No hay delirio sin fantasía, como es obvio, porque ésta es lo que podríamos denominar el “agente provocador” del delirio en que se hunde el sujeto. Si tenemos en cuenta cómo define la fantasía el psiquiatra, gaditano de nacimiento y cordobés de adopción: La fantasía emerge como una construcción mental de una realidad de naturaleza distinta a la exterior.(…) Si no hubiera realidad externa, o si en ésta no lográramos siempre lo deseado, la fantasía no tendría razón de ser. Por eso, la fantasía es fantasía sobre la realidad, la misma que nos deparó frustración, la que hizo imposible la realización del deseo, es obvio el carácter de creación mental compensatoria que tiene el delirio, es decir, El delirante, al hacer reales sus fantasías, elimina la realidad a la que sustituye. Lo fantaseado es para él real, y de ahí esa especie de complejo del Palau, equivalente al ya establecido y operante complejo de la Moncloa que padecen todos sus inquilinos, tarde o temprano, y que los aleja de la realidad a la que, supuestamente, dicen servir.

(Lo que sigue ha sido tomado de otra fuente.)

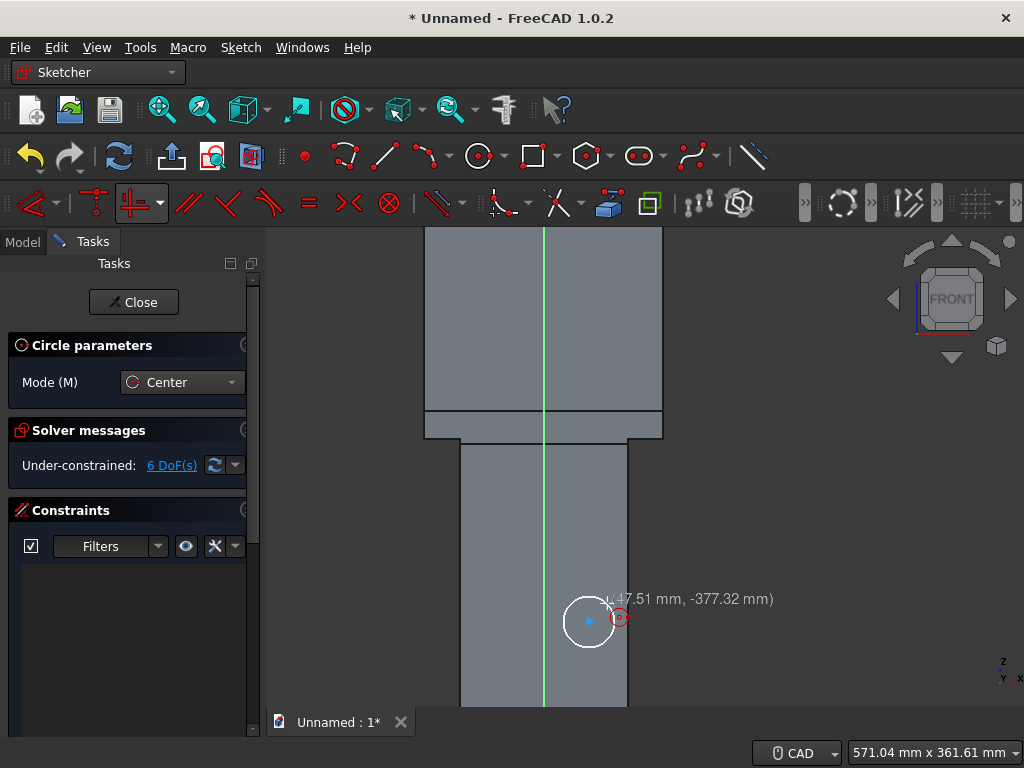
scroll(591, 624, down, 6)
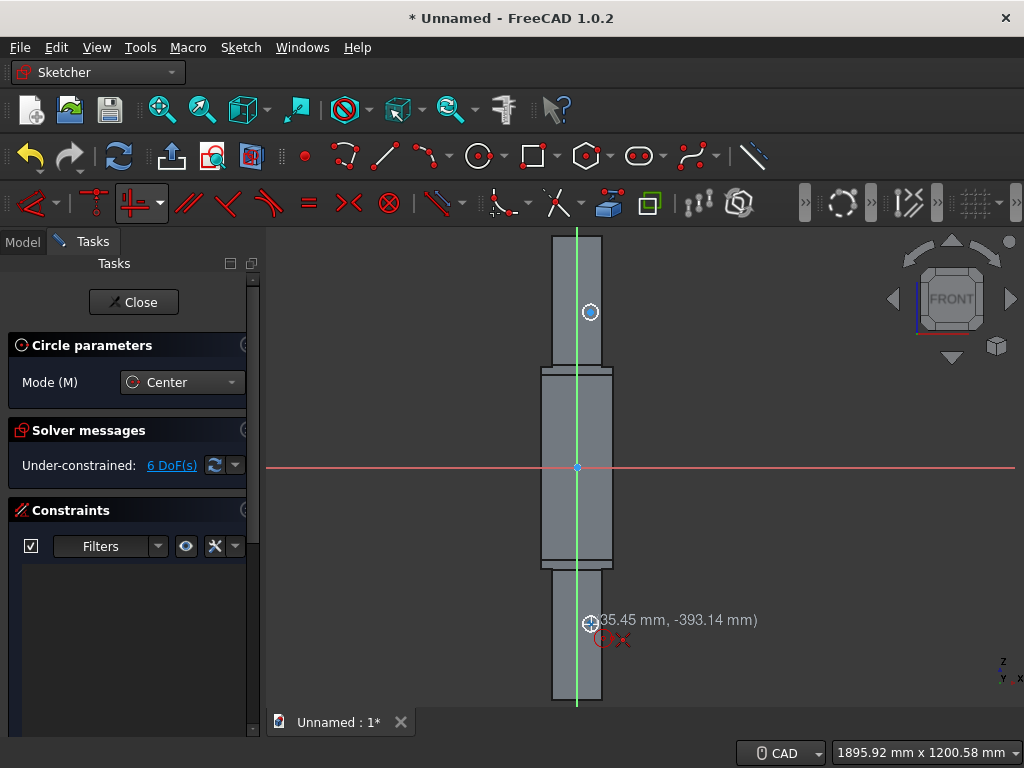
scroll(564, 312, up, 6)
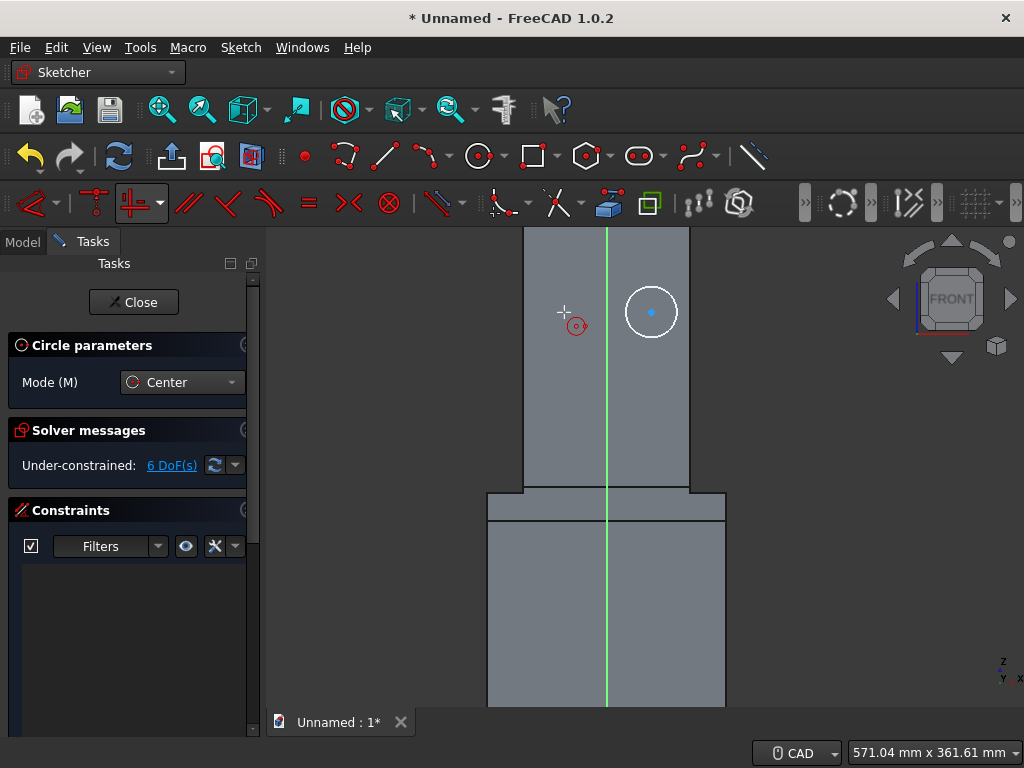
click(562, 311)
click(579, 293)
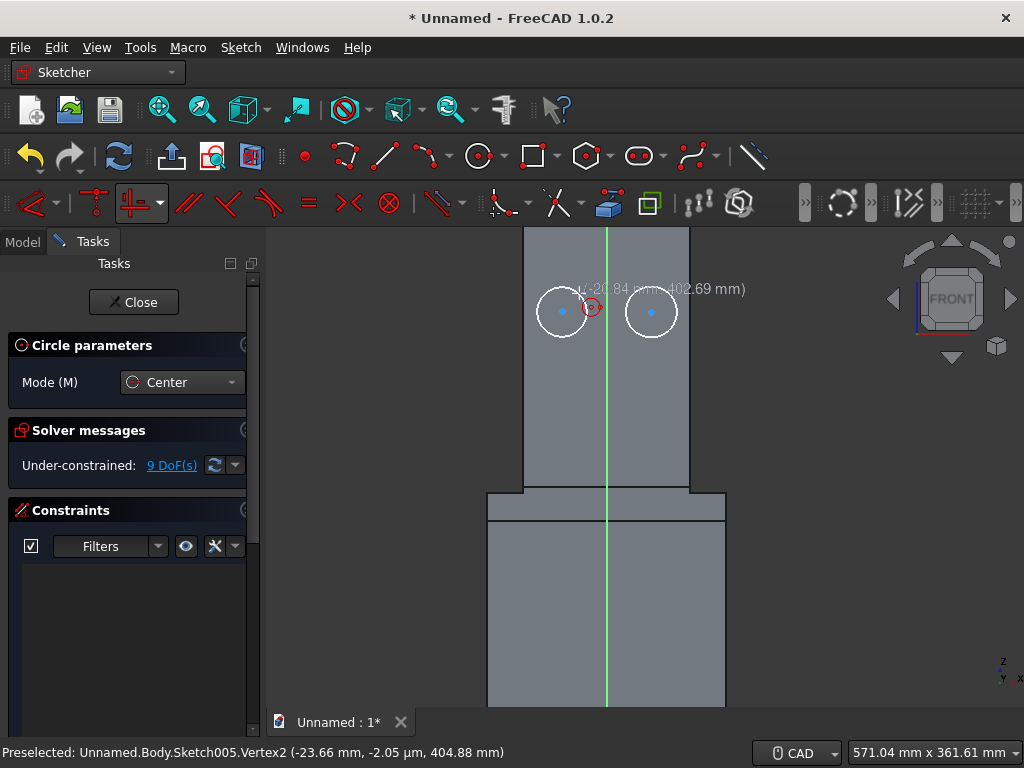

El delirio, sin embargo, tiene una dimensión individual que no podemos hurtar, porque esas fantasías que sustituyen a la realidad suelen ser también, fantasías de uno mismo dentro de ellas, de ahí que, como establece Castilla del Pino: La fantasía la construye el sujeto para verse in mente como protagonista de ella. Toda fantasía es fantasía de un yo exultante e hipertrófico. Toda fantasía es fantasía de grandeza, al hacer posible en ella la máxima satisfacción del deseo. ¿Cuántas veces no hemos oído que lo que pierde al presidente Mas son sus delirios de grandeza? Y ello es, precisamente lo que ha de reprochársele: la deformación que su fantasía delirante hace de la realidad, traicionándola. Y ello puede degenerar en locura, como advierte el psiquiatra: La locura del delirio (base de toda locura: “sin delirio no hay locura” –Jaspers–), no es la huida desde la realidad a la fantasía, sino el intento (grotesco, inaceptable por parte de los demás) de convertir la fantasía en realidad. Y en ese intento estamos, para desgracia de una comunidad que no se merece tener un presidente delirante, dispuesto, con la ayuda tenaz de otros delirantes como él, a romper la convivencia por afán de notoriedad, porque para la psiquiatría es evidente que el delirante obtiene un plus de identidad merced a su delirio. Gracias al delirio, implanta en la realidad un yo que le confiere un manifiesto perfil en el mundo; es el “perseguido”(…) el “condenado”, el “salvador del mundo”, lo que nos lleva a pensar si todos los delirios lo son, en última instancia, de grandeza. Gracias al delirio –continúa Castilla del Pino– el delirante obtiene una presencia que de otra forma se le negaba, y todos hemos de recordar que esa negación provino de las urnas, con el severo correctivo con que recibieron su propuesta mesiánica para hacer realidad su delirio secesionista. Desde la perspectiva del impulso que siente el ser humano para instalarse en el delirio, es evidente que cuanto menos definida sea la personalidad del sujeto, más riesgo hay de caer en él, porque las convicciones sobrevenidas son el mejor pasto de esa carencia que intenta suplirse con la sobreactuación. Castilla del Pino es claro al respecto: es interesante la observación de que cuanto más deficitaria es una estructura de carácter tanto más susceptible es el sujeto para presentar un síndrome sicopatológico neto, muchas veces de tipo delirante.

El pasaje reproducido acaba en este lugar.